N. Réduire les écrans


Les écrans (télévisions, portables, consoles) détournent l'enfant d'un
temps précieux qu'il devrait consacrer à exercer activement son
intelligence. Et dans le même temps, en hypnotisant l'enfant, ils
détraquent littéralement son système exécutif et attentionnel en plein
développement. C'est une double peine qui coûte cher à l'enfant. Jusqu'à
3 ans, l'exposition aux écrans et leur utilisation devraient être
proscrites. Alors qu'il devrait passer ce temps à façonner son
intelligence en étant actif et en lien avec l'autre, l'enfant le passe à
abîmer ses circuits neuronaux préfrontaux. Ses compétences d'action
sont directement impactées. Une étude publiée en décembre 2018 va,
comme tant d'autres, totalement en ce sens. Elle a été menée auprès de
plusieurs milliers d'enfants âgés de 2 à 17 ans. Elle indique que passer, à
ces âges, plus d'une heure par jour derrière un écran (téléphone,
ordinateur, appareil électronique, jeu électronique et télévision) est
associé à une diminution de la curiosité, du contrôle de soi, de la
persévérance, à une augmentation des troubles de l'attention, de
l'instabilité émotionnelle, de l'impulsivité, ainsi que de l'incapacité à
terminer les tâches engagées.

O. Améliorer la qualité du sommeil


Le manque de sommeil enraye lui aussi directement les fonctions
exécutives. Un adulte qui a mal dormi aura des difficultés à «
fonctionner » correctement. L'enfant, lui, n'aura pas seulement des
difficultés à fonctionner, il rencontrera également des difficultés à créer
ses fonctions exécutives en plein développement.
Les arguments s’accumulent : une fraction non négligeable des enfants
hyperactifs et atteints de troubles de l'attention pourrait ne souffrir que
d'un manque de sommeil, c’est également le cas pour les respirateurs
buccaux.
Lorsqu'il semble difficile d'agir sur des éléments environnementaux qui
fragilisent considérablement les fonctions exécutives de l'enfant, tels
que les écrans, le stress ou le manque de sommeil, ne nous
décourageons pas pour autant. L'expérience dans les classes montre
qu'un environnement fortement soutenant permet d'apporter
d'importants bienfaits, même si, par ailleurs, des éléments perturbateurs
subsistent. L'enfant finit souvent par faire spontanément des choix plus
adaptés. Il est courant, par exemple, que des enfants hautement
exposés aux écrans - dès le matin et jusqu'à l'endormissement -
reprennent tant goût à l'activité et à l'apprentissage actif qu'ils
délaissent ces objets. Les parents font alors les mêmes commentaires
étonnés : « Il ne veut plus regarder la télé. Il préfère lire !» Leur cœur
balance entre l'amusement et l'interrogation sceptique : « Est-ce que
c'est normal ? » Par ailleurs, si les enfants apprennent à mieux se
contrôler, ils seront plus à même de gérer les situations de stress qu'ils
traversent - même lorsque nous ne sommes pas à leurs côtés. Lorsque
l'on ne peut pas agir sur des situations qui sont hors de notre portée,
concentrons notre attention sur celles qui le sont. Enclencher un cercle
vertueux d'un côté suffit parfois à faire levier.
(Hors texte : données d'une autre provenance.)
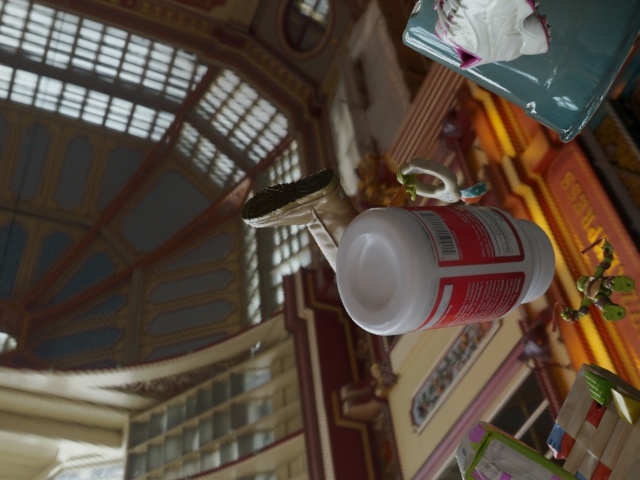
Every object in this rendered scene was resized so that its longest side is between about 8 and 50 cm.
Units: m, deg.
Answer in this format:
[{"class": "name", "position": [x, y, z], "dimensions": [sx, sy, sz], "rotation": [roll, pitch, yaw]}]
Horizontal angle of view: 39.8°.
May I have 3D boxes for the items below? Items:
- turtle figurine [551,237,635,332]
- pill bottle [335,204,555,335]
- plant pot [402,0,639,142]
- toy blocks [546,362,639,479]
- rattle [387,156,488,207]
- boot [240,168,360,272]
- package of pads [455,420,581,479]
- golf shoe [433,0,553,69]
[{"class": "turtle figurine", "position": [0.668, 0.131, 2.132], "dimensions": [0.087, 0.269, 0.217], "rotation": [29, -175, -12]}, {"class": "pill bottle", "position": [0.249, 0.048, 1.667], "dimensions": [0.407, 0.229, 0.229], "rotation": [-2, -136, -38]}, {"class": "plant pot", "position": [0.338, -0.387, 1.498], "dimensions": [0.334, 0.341, 0.341], "rotation": [24, -145, 3]}, {"class": "toy blocks", "position": [0.582, 0.424, 1.782], "dimensions": [0.190, 0.261, 0.381], "rotation": [22, -173, -15]}, {"class": "rattle", "position": [0.252, -0.084, 1.878], "dimensions": [0.199, 0.130, 0.143], "rotation": [28, -132, -18]}, {"class": "boot", "position": [0.000, 0.000, 1.784], "dimensions": [0.269, 0.236, 0.089], "rotation": [55, -145, -33]}, {"class": "package of pads", "position": [0.368, 0.412, 1.438], "dimensions": [0.296, 0.101, 0.229], "rotation": [31, 177, 8]}, {"class": "golf shoe", "position": [0.198, -0.299, 1.099], "dimensions": [0.306, 0.140, 0.115], "rotation": [37, -144, -61]}]
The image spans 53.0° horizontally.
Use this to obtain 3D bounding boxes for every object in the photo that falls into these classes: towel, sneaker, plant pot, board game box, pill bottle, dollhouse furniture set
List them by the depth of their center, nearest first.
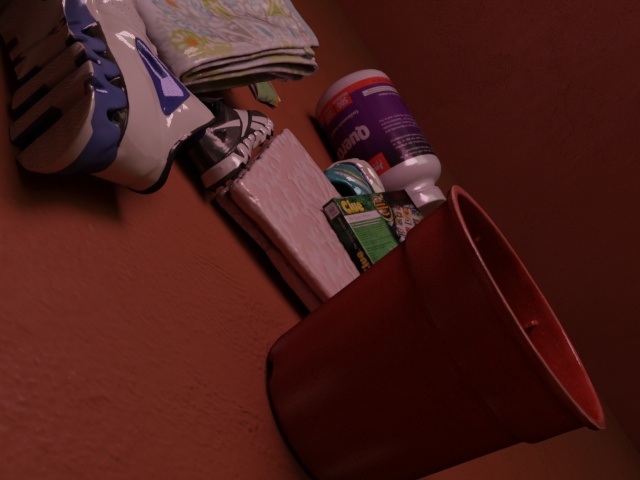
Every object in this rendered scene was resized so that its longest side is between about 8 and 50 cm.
[{"bbox_3d":[-0.209,-0.167,0.653,0.182,0.127,0.316,33,37,-55],"label":"sneaker"},{"bbox_3d":[0.104,0.127,0.682,0.272,0.265,0.272,47,21,-25],"label":"plant pot"},{"bbox_3d":[-0.128,-0.153,0.856,0.106,0.078,0.234,53,22,-16],"label":"sneaker"},{"bbox_3d":[-0.190,-0.367,0.882,0.375,0.090,0.320,55,37,7],"label":"towel"},{"bbox_3d":[0.000,0.000,0.951,0.317,0.053,0.332,51,20,-11],"label":"towel"},{"bbox_3d":[0.110,-0.016,1.044,0.259,0.030,0.136,-12,70,-57],"label":"board game box"},{"bbox_3d":[0.092,-0.021,1.170,0.275,0.107,0.110,52,39,3],"label":"sneaker"},{"bbox_3d":[-0.110,-0.326,1.191,0.152,0.058,0.076,62,21,15],"label":"dollhouse furniture set"},{"bbox_3d":[0.130,-0.185,1.345,0.181,0.181,0.323,12,47,-62],"label":"pill bottle"}]
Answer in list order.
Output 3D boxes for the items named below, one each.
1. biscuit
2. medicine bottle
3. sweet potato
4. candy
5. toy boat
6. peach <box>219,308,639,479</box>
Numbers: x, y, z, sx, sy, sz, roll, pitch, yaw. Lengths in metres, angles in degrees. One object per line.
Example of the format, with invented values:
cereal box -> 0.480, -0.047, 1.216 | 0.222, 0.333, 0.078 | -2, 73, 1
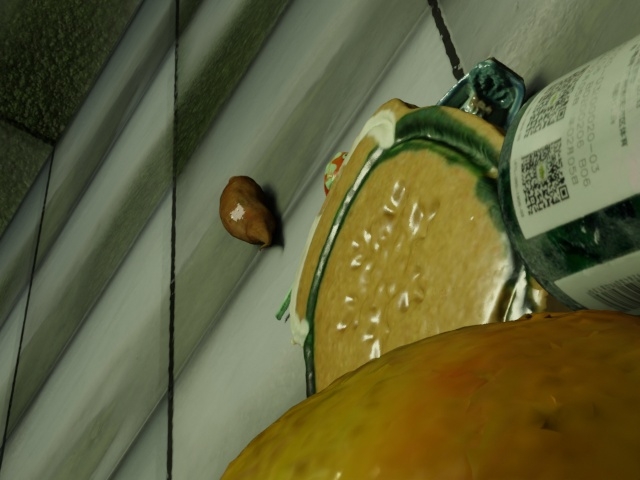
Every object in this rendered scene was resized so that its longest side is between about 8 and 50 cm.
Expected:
biscuit -> 0.056, 0.048, 1.108 | 0.287, 0.057, 0.344 | -68, 25, 9
medicine bottle -> 0.213, -0.053, 0.756 | 0.293, 0.141, 0.141 | -29, 38, 61
sweet potato -> -0.074, -0.025, 1.654 | 0.056, 0.056, 0.195 | -59, 23, 12
candy -> 0.000, 0.000, 1.434 | 0.055, 0.049, 0.184 | 43, 120, 26
toy boat -> 0.102, -0.074, 1.218 | 0.140, 0.059, 0.066 | -54, 3, 32
peach -> 0.067, 0.195, 0.569 | 0.372, 0.290, 0.372 | -58, 16, 26
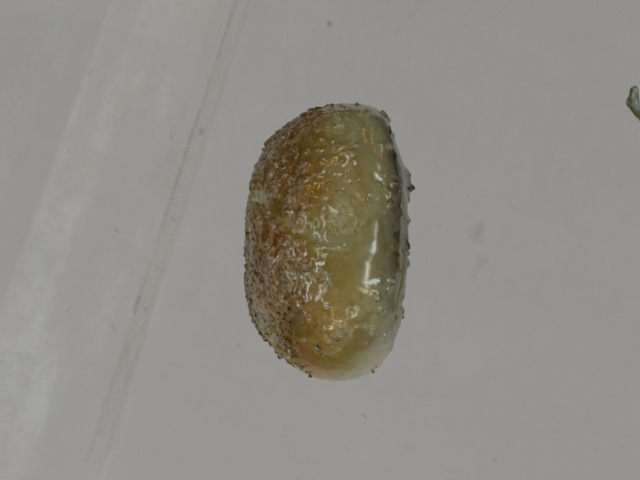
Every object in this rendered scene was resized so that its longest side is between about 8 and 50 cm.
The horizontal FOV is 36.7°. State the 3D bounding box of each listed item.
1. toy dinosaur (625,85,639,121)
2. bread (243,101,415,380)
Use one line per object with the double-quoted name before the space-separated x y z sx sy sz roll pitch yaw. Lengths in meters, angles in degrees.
"toy dinosaur" 0.232 -0.042 0.627 0.037 0.058 0.180 11 54 -6
"bread" 0.000 0.000 0.992 0.159 0.305 0.305 4 80 -6
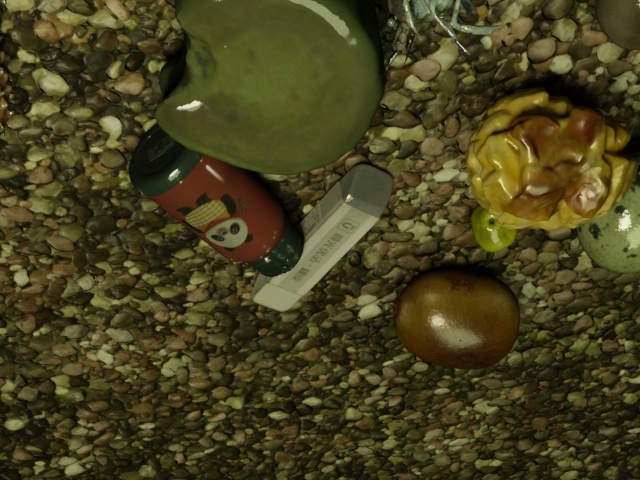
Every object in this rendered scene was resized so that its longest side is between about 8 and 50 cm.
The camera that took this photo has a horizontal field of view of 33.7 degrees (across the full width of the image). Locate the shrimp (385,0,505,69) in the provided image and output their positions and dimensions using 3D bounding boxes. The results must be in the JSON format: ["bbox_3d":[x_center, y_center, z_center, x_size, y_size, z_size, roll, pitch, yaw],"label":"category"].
[{"bbox_3d":[0.176,-0.415,1.410,0.221,0.166,0.410,-25,128,-47],"label":"shrimp"}]

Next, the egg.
[{"bbox_3d":[0.539,-0.051,1.821,0.177,0.177,0.228,9,120,-17],"label":"egg"}]

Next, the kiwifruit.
[{"bbox_3d":[0.249,0.145,1.968,0.234,0.196,0.196,13,132,-12],"label":"kiwifruit"}]

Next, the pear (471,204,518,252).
[{"bbox_3d":[0.311,-0.026,1.878,0.092,0.092,0.097,-14,177,6],"label":"pear"}]

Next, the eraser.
[{"bbox_3d":[0.000,0.000,1.874,0.089,0.061,0.352,23,129,-28],"label":"eraser"}]

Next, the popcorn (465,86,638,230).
[{"bbox_3d":[0.375,-0.121,1.708,0.265,0.225,0.332,-7,159,15],"label":"popcorn"}]

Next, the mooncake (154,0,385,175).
[{"bbox_3d":[-0.071,-0.266,1.500,0.351,0.187,0.351,1,130,1],"label":"mooncake"}]

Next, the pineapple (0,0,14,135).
[{"bbox_3d":[-0.510,-0.287,1.450,0.175,0.175,0.361,1,126,-9],"label":"pineapple"}]

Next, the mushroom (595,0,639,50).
[{"bbox_3d":[0.486,-0.354,1.557,0.141,0.117,0.188,10,139,-2],"label":"mushroom"}]

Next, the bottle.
[{"bbox_3d":[-0.153,-0.059,1.738,0.144,0.144,0.336,-30,134,21],"label":"bottle"}]
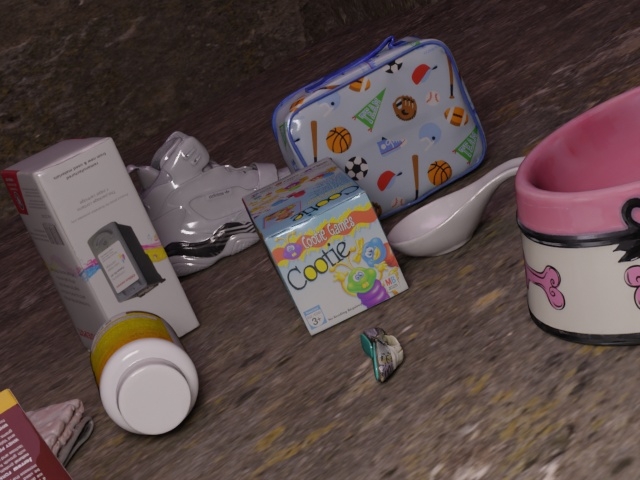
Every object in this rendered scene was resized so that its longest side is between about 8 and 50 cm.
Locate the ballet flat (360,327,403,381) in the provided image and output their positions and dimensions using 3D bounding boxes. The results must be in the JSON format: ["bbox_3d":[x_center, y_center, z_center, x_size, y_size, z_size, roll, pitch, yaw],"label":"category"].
[{"bbox_3d":[0.070,0.122,1.414,0.041,0.041,0.114,-25,16,0],"label":"ballet flat"}]

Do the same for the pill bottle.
[{"bbox_3d":[-0.214,0.163,1.562,0.117,0.117,0.215,-27,15,-8],"label":"pill bottle"}]

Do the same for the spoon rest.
[{"bbox_3d":[0.208,-0.047,1.667,0.276,0.084,0.137,-16,18,27],"label":"spoon rest"}]

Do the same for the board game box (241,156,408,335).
[{"bbox_3d":[0.000,0.000,1.718,0.144,0.142,0.275,-26,15,-3],"label":"board game box"}]

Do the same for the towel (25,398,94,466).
[{"bbox_3d":[-0.458,0.323,1.536,0.317,0.053,0.332,-19,17,18],"label":"towel"}]

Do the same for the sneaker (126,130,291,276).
[{"bbox_3d":[-0.142,-0.104,2.144,0.365,0.210,0.137,-28,16,-11],"label":"sneaker"}]

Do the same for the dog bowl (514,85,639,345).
[{"bbox_3d":[0.381,-0.060,1.325,0.408,0.150,0.408,-23,16,7],"label":"dog bowl"}]

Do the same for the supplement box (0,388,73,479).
[{"bbox_3d":[-0.289,0.275,1.104,0.191,0.129,0.194,-33,61,-20],"label":"supplement box"}]

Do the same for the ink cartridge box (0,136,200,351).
[{"bbox_3d":[-0.325,0.010,1.875,0.131,0.306,0.226,-31,17,-22],"label":"ink cartridge box"}]

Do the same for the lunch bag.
[{"bbox_3d":[0.092,-0.169,1.943,0.303,0.243,0.115,-29,16,-10],"label":"lunch bag"}]
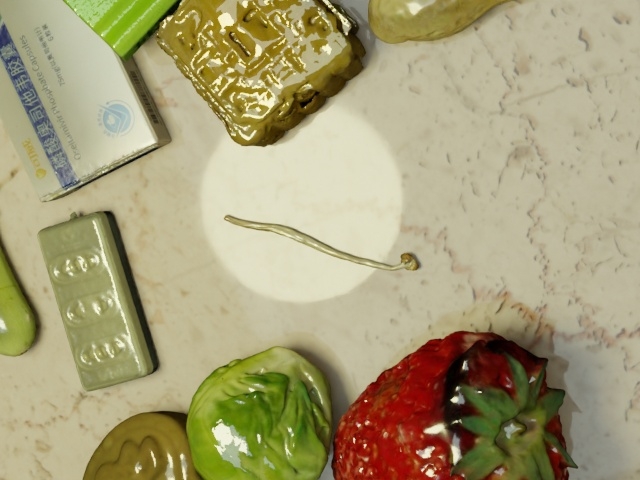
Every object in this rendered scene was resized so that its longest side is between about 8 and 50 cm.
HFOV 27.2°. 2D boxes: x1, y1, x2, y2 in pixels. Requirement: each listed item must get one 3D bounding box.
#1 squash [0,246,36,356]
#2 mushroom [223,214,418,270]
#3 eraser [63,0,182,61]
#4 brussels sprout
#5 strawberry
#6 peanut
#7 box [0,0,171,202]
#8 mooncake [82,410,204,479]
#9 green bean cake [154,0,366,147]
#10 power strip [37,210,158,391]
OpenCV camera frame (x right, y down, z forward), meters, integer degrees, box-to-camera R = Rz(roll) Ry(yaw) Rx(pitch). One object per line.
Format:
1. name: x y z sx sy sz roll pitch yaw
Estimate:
1. squash: -0.483 0.052 1.931 0.083 0.083 0.250 -21 88 13
2. mushroom: -0.002 0.006 1.853 0.286 0.026 0.028 12 82 12
3. eraser: -0.244 -0.412 1.793 0.274 0.092 0.210 -44 91 -1
4. brussels sprout: -0.083 0.256 1.801 0.223 0.223 0.161 37 139 6
5. strawberry: 0.180 0.268 1.739 0.291 0.310 0.292 2 83 -21
6. peanut: 0.184 -0.345 1.731 0.274 0.111 0.125 -25 86 13
7. box: -0.375 -0.249 1.881 0.200 0.065 0.343 -26 90 12
8. mooncake: -0.240 0.366 1.867 0.234 0.117 0.235 -2 85 24
9. green bean cake: -0.080 -0.267 1.784 0.224 0.131 0.230 -41 87 11
10. power strip: -0.322 0.082 1.902 0.105 0.070 0.257 -16 91 13
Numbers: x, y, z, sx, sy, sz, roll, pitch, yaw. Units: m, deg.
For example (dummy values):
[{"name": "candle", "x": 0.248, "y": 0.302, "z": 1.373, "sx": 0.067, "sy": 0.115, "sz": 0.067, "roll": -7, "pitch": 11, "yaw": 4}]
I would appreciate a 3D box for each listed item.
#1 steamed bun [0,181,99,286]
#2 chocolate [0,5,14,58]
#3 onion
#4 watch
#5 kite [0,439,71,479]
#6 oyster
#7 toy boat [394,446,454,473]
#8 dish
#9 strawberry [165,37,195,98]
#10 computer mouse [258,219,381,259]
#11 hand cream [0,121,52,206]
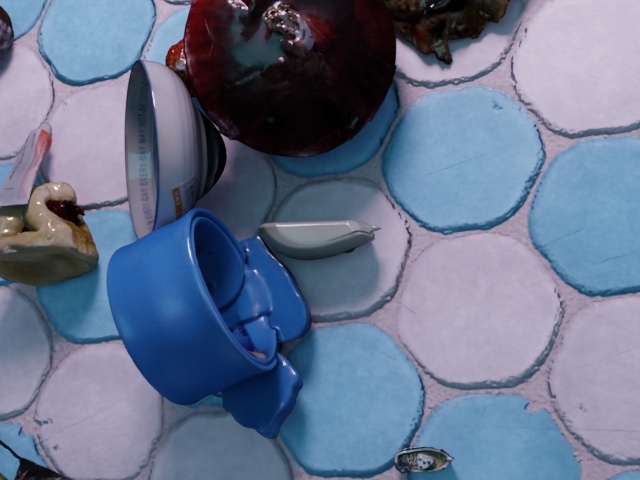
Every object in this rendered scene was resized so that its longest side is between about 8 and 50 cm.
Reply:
[{"name": "steamed bun", "x": -0.448, "y": -0.023, "z": 1.248, "sx": 0.172, "sy": 0.141, "sz": 0.155, "roll": -10, "pitch": 64, "yaw": 12}, {"name": "chocolate", "x": -0.636, "y": -0.319, "z": 1.366, "sx": 0.248, "sy": 0.110, "sz": 0.110, "roll": -46, "pitch": 71, "yaw": 1}, {"name": "onion", "x": -0.034, "y": -0.270, "z": 1.097, "sx": 0.314, "sy": 0.232, "sz": 0.314, "roll": -1, "pitch": 95, "yaw": -15}, {"name": "watch", "x": -0.154, "y": 0.126, "z": 1.049, "sx": 0.241, "sy": 0.274, "sz": 0.305, "roll": -28, "pitch": 69, "yaw": 10}, {"name": "kite", "x": -0.501, "y": 0.389, "z": 1.240, "sx": 0.285, "sy": 0.015, "sz": 0.152, "roll": 32, "pitch": 90, "yaw": 19}, {"name": "oyster", "x": 0.132, "y": -0.438, "z": 1.166, "sx": 0.361, "sy": 0.096, "sz": 0.221, "roll": 38, "pitch": 85, "yaw": 17}, {"name": "toy boat", "x": 0.141, "y": 0.298, "z": 1.055, "sx": 0.083, "sy": 0.038, "sz": 0.038, "roll": -9, "pitch": 78, "yaw": 16}, {"name": "dish", "x": -0.208, "y": -0.129, "z": 1.165, "sx": 0.134, "sy": 0.273, "sz": 0.273, "roll": -3, "pitch": 76, "yaw": -24}, {"name": "strawberry", "x": -0.205, "y": -0.277, "z": 1.233, "sx": 0.106, "sy": 0.106, "sz": 0.106, "roll": -3, "pitch": 79, "yaw": 16}, {"name": "computer mouse", "x": 0.000, "y": 0.000, "z": 1.127, "sx": 0.181, "sy": 0.089, "sz": 0.056, "roll": -2, "pitch": 90, "yaw": 14}, {"name": "hand cream", "x": -0.472, "y": -0.125, "z": 1.258, "sx": 0.052, "sy": 0.038, "sz": 0.216, "roll": -27, "pitch": 37, "yaw": 23}]
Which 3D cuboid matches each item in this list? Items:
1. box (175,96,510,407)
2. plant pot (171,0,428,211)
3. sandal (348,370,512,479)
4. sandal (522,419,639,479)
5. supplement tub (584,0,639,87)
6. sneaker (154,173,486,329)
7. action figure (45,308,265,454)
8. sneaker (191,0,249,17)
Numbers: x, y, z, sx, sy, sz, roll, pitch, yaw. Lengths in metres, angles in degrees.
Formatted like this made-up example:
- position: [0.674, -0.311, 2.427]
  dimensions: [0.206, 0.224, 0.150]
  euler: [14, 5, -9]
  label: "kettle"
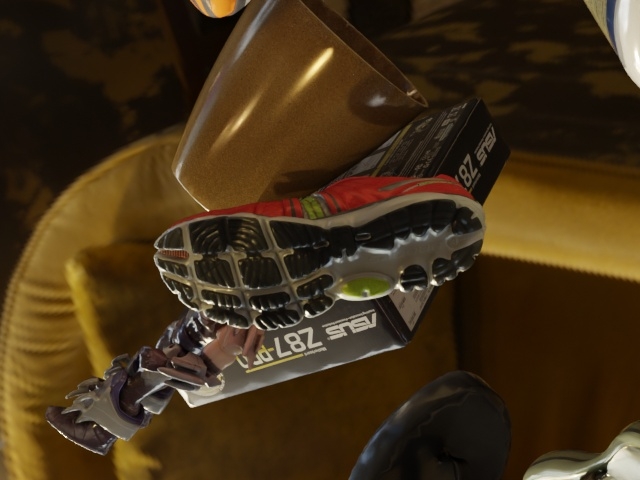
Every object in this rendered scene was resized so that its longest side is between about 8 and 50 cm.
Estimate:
- position: [0.020, 0.008, 1.683]
  dimensions: [0.318, 0.395, 0.097]
  euler: [-18, 115, 34]
  label: "box"
- position: [-0.046, -0.141, 1.675]
  dimensions: [0.237, 0.237, 0.254]
  euler: [45, 103, 14]
  label: "plant pot"
- position: [0.035, 0.190, 0.760]
  dimensions: [0.054, 0.097, 0.254]
  euler: [25, 84, 46]
  label: "sandal"
- position: [0.255, 0.229, 1.218]
  dimensions: [0.120, 0.086, 0.303]
  euler: [41, 156, -2]
  label: "sandal"
- position: [0.299, -0.274, 1.169]
  dimensions: [0.316, 0.228, 0.228]
  euler: [-107, 32, -44]
  label: "supplement tub"
- position: [0.000, 0.000, 1.235]
  dimensions: [0.279, 0.118, 0.107]
  euler: [-6, 115, 1]
  label: "sneaker"
- position: [-0.135, 0.099, 1.390]
  dimensions: [0.099, 0.185, 0.285]
  euler: [42, 120, -11]
  label: "action figure"
- position: [-0.173, -0.263, 1.201]
  dimensions: [0.124, 0.180, 0.321]
  euler: [41, 168, 32]
  label: "sneaker"
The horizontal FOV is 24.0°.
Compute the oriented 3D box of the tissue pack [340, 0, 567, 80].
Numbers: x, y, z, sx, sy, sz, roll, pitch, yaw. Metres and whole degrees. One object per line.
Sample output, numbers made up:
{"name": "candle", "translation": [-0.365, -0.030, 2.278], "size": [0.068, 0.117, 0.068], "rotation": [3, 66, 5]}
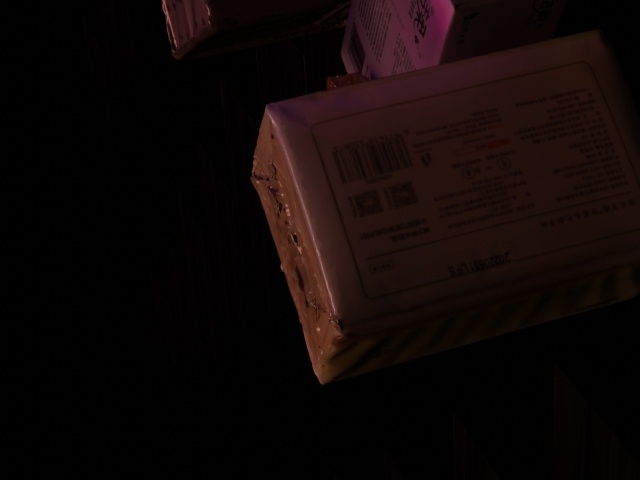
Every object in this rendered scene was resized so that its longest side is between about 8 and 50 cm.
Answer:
{"name": "tissue pack", "translation": [0.092, -0.156, 1.099], "size": [0.246, 0.092, 0.149], "rotation": [105, 150, -61]}

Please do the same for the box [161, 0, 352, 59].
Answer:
{"name": "box", "translation": [-0.065, -0.334, 1.344], "size": [0.225, 0.190, 0.297], "rotation": [178, 80, -77]}

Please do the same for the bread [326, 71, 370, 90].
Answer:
{"name": "bread", "translation": [0.038, -0.069, 1.130], "size": [0.094, 0.035, 0.090], "rotation": [-127, 26, -54]}

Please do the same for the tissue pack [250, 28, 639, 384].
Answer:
{"name": "tissue pack", "translation": [0.087, -0.023, 0.958], "size": [0.125, 0.234, 0.159], "rotation": [106, 147, -67]}
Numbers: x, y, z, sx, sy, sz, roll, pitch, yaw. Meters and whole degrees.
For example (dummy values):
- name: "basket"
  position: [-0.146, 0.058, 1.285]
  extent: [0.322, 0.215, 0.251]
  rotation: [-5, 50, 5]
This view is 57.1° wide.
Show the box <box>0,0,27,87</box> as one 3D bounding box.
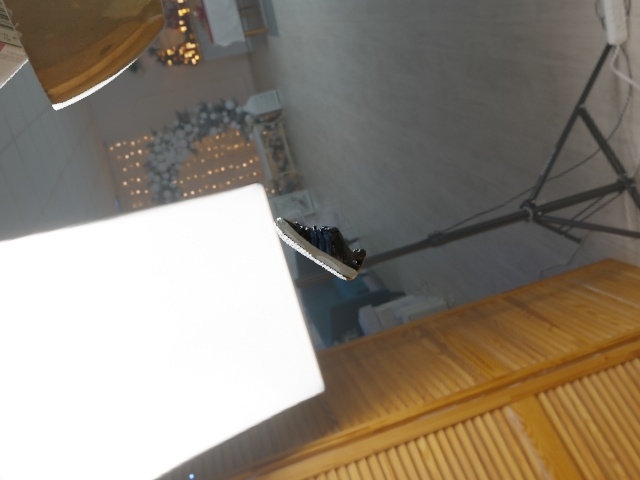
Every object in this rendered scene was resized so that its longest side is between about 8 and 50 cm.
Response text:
- name: "box"
  position: [-0.786, -0.472, 1.380]
  extent: [0.232, 0.126, 0.149]
  rotation: [-20, 76, 37]

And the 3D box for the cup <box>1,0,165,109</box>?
- name: "cup"
  position: [-0.413, -0.423, 1.030]
  extent: [0.331, 0.237, 0.331]
  rotation: [159, 90, -75]

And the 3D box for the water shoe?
- name: "water shoe"
  position: [0.000, 0.000, 1.198]
  extent: [0.203, 0.080, 0.073]
  rotation: [35, 169, -14]

Avant de mettre en œuvre ce nouveau fonctionnement, quelques


aménagements (espace, mobilier, tri d'activités) sont nécessaires. Les
enseignants sont invités à focaliser toute leur réflexion et leurs
pratiques sur l'exercice des fonctions exécutives, en renforçant les
éléments favorables mentionnés précédemment, et en veillant, dans la
mesure du possible, à réduire les éléments entravants. Le
fonctionnement des classes se transformera peu à peu : les enfants
seront accompagnés individuellement à devenir autonomes au quotidien,
et, dans les classes, à choisir eux-mêmes des activités qui les motivent,
parmi une sélection ambitieuse et pleine de sens soigneusement
réalisée par l'adulte. Les enfants seront aidés à les mener à leur terme
seul ou en tout petit groupe de deux ou trois enfants ; à patienter, à
s'entraider, à s'exprimer clairement, etc.